Several reports indicate that abnormalities in placental development may cause defects in the embryonic cardiovascular system (1, 12, 31). We have provided more conclusive evidence regarding the essential role of calpain in placental development using cKO and cDKO mice, in which calpain-2 expression is limited in the extraembryonic region by the Meox2-Cre transgene. Another cDKO mouse line under the control of Tek-Cre endothelium-specific deleter (20) survived to adulthood without significant abnormality (Table. 2E). This observation indicates that the cardiovascular phenotype was not caused by calpain deficiency in the blood vessels, of which endothelial cells are a major constituent. However, there is a possibility that other tissues other than those of placental trophoblasts are involved in embryonic lethality in Meox2-Cre induced cKO embryos because they still showed partial lethality.

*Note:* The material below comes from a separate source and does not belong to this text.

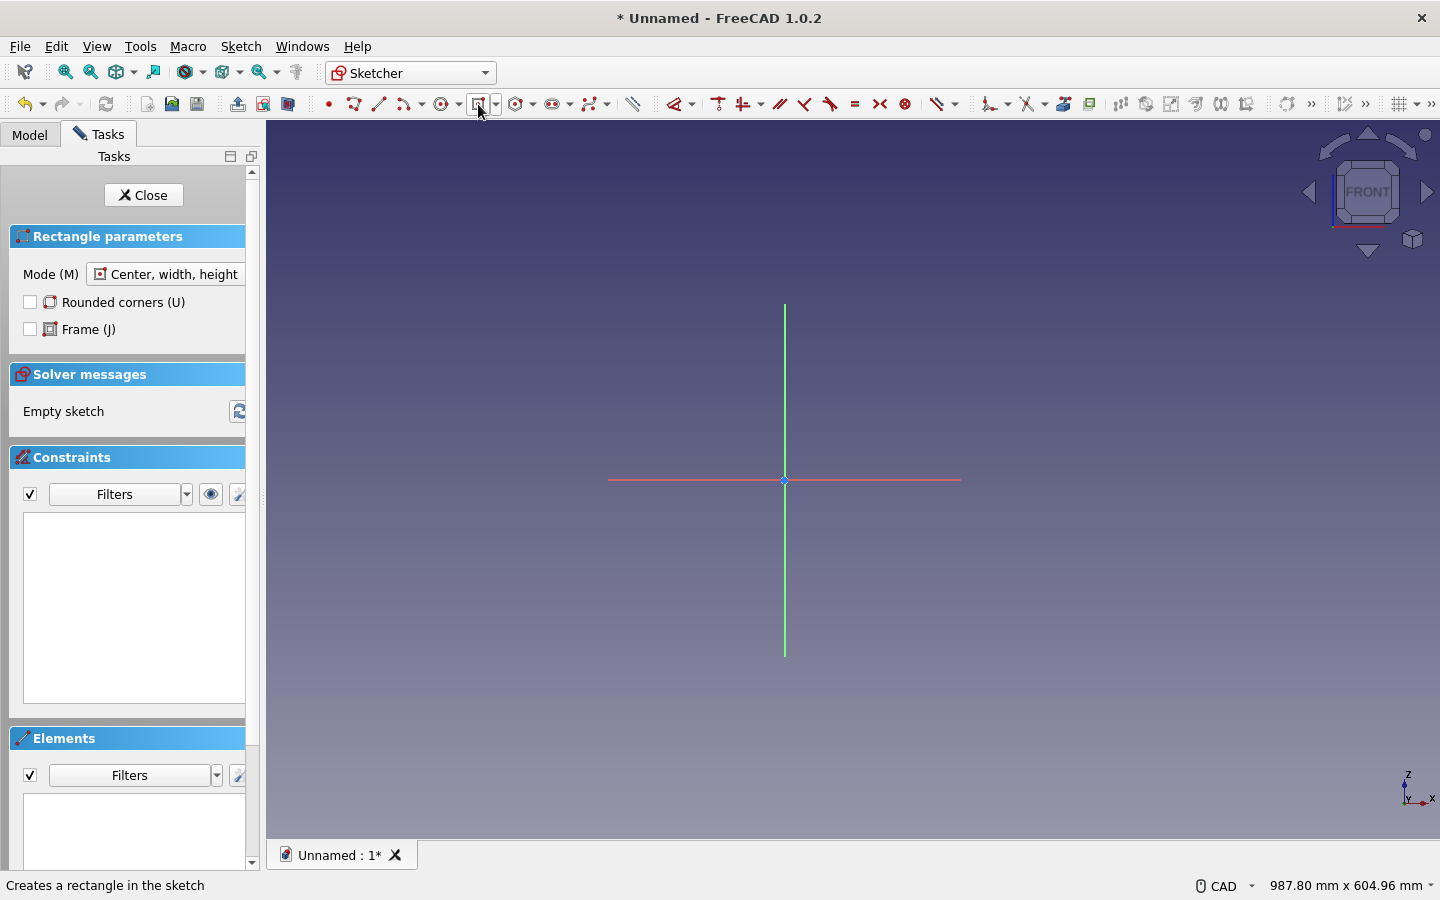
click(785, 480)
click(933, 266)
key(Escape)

These findings also have obstetric implications, given that labyrinthine trophoblasts play a critical role in the exchange of oxygen and nutrients between the maternal and embryonic circulations (25). Indeed, preeclampsia, a disease of human pregnancy, seems to be associated with cell death in the placenta (8, 19, 30). Despite the fact that a substantial number of human pregnancies fail as spontaneous abortions after implantation, the underlying mechanisms remain undetermined. The present study points to the possibility that calpain can act as a target for the prevention and treatment of preeclampsia and other maternal-embryonic diseases that accompany placental cell death.

Finally, there are still a number of questions that remain to be addressed. First, nothing is known about the postembryonic functions of calpain. Use of Cre-Tg mice under the control of various promoters should provide some insight regarding this. Second, the in vivo mechanism of calpain-1 and -2 activation has not yet been fully elucidated. The generation of multiple mutant mice deficient in or overexpressing components of the mitogen-activated protein kinase/extracellular signal-regulated kinase and calpain signaling systems may provide us with some additional clues. Third, we know nothing about the functional difference between calpain-1 and -2, although the present study indicates that these isozymes share at least some redundancy. Fourth, we do not yet have solely calpain-specific cell-permeable inhibitors, let alone an inhibitor that can distinguish between calpain-1 and -2. Such inhibitors would be extremely beneficial for both basic and clinical studies of the effects of calpain. Again, mutant mice and cells that lack or overexpress calpain-calpastatin system components would provide useful tools for screening inhibitors and possibly activators, with the determination of the three-dimensional structure of calpain (18), thereby generating an appreciable momentum for such efforts.